May 22, 2012
-- New evidence behind the world’s first point of care wound diagnostic test, WOUNDCHEK™ Protease Status, to be presented at the European Wound Management Association (EWMA)’s conference in May 2012 confirms the importance of protease activity in wound healing and wound assessment, quantifies elevated protease activity (EPA), and also presents preliminary results on testing for and treating EPA in clinical practice.

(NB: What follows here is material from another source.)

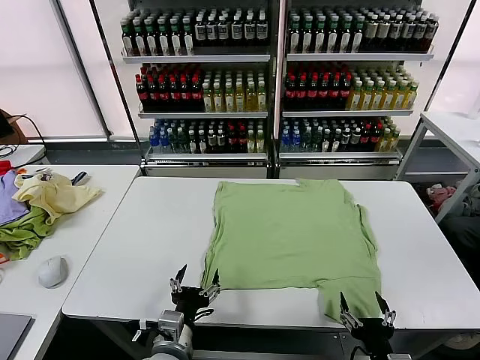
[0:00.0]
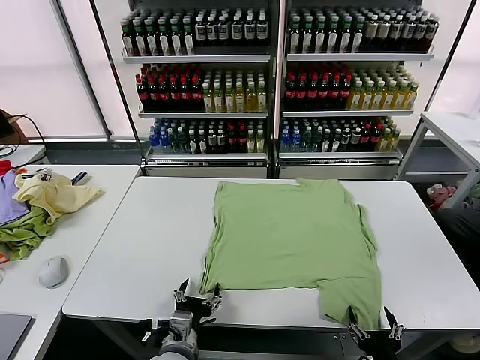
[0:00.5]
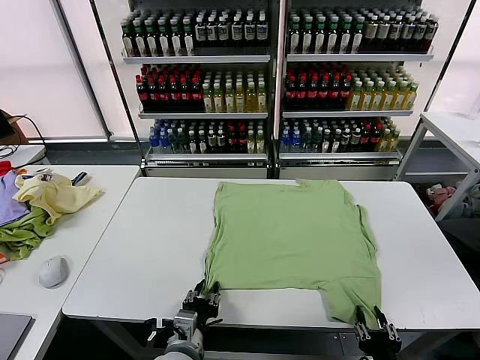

New evidence shows that EPA is associated with a 90% probability of a wound not healing without appropriate intervention. Twenty-eight percent of non-healing wounds are thought to have EPA; however, a recent study reveals that there are no visual cues to detect it. “Early detection and treatment is key,” says Dr Rob Snyder, Systagenix Medical Director. “You can’t tell which wounds have EPA, no matter their aetiology, age, or appearance. In the absence of visual cues, EPA would go undetected resulting in the probability of poor or delayed healing. As a consequence, inappropriate wound care could have a tremendous negative impact on the patients’ quality of life while costing billions globally in unnecessary treatments. This is why WOUNDCHEK™ Protease Status, the only device commercially available to physicians in Europe, the Middle East, and Africa to detect EPA, is set to revolutionize wound care by finally helping clinicians to implement a test-and-treat algorithm that has eluded them until today.”
Much as infection in a wound is often treated with antimicrobial dressings and systemic antibiotics (when required) to foster an appropriate healing trajectory, EPA should likewise be treated with protease modulating therapies such as Collagen/ORC in similar fashion. The evidence to be launched at EWMA shows how Collagen/ORC dressings are more effective on wounds with EPA than other wound dressings currently available. In a retrospective study of 56 venous leg ulcers, wounds with EPA had a 77% response rate to Collagen/ORC, compared to just a 10% probability of healing without treatment. These findings remained consistent regardless of wound age, appearance, or previous treatments.
Dr Rob Snyder continues: “This is exciting new evidence. Many professionals we spoke to intuitively felt that EPA only occurred in the oldest and trickiest wounds, and therefore, perceptually only recalcitrant ulcers required testing and treatment with protease modulating therapies (e.g. Collagen/ORC)
. However, new evidence clearly shows that EPA can occur in all chronic/stalled wounds, regardless of their ages, aetiologies, or appearances;
some 3 month old wounds, for example, have tested ‘Elevated’
(EPA) while some 6 year old ulcers have returned a ‘Low’ test result. Education regarding the diagnosis and treatment of EPA, therefore, remains critical; recent data shows that when used early in the treatment regime, Collagen/ORC can reach response rates of up to 88% in wounds with a duration of less than one year. Early detection and treatment of EPA will be vital to improving healing rates and preventing recalcitrance that could cost billions. Ultimately this could result in forestalling disability and pain affecting thousands of patients”.
Six new posters will be supported by a symposium: ‘Testing for EPA– The arrival of wound diagnostics’
chaired by Prof. Keith Harding, in which several key opinion leaders in wound care will be presenting the latest research and clinical developments on the recently launched WOUNDCHEK™ Protease Status. In this session Dr. Thomas Serena will cover ‘Defining EPA- development of the test and sampling technique’, Jacqui Fletcher ‘Assessing for EPA to determine appropriate care pathway for venous leg ulcers in the UK’ and Dr. Severin Läuchli ‘First experiences and implementation of testing in routine clinical practice’.
Established in 2008, following the acquisition of Johnson & Johnson’s professional wound care business, Systagenix is 100% dedicated to wound care, developing and marketing advanced diagnostic and therapeutic solutions and supplying over 20 million advanced wound dressings per month globally.
WOUNDCHEK™ Protease Status is not currently cleared by FDA for sale within the US market.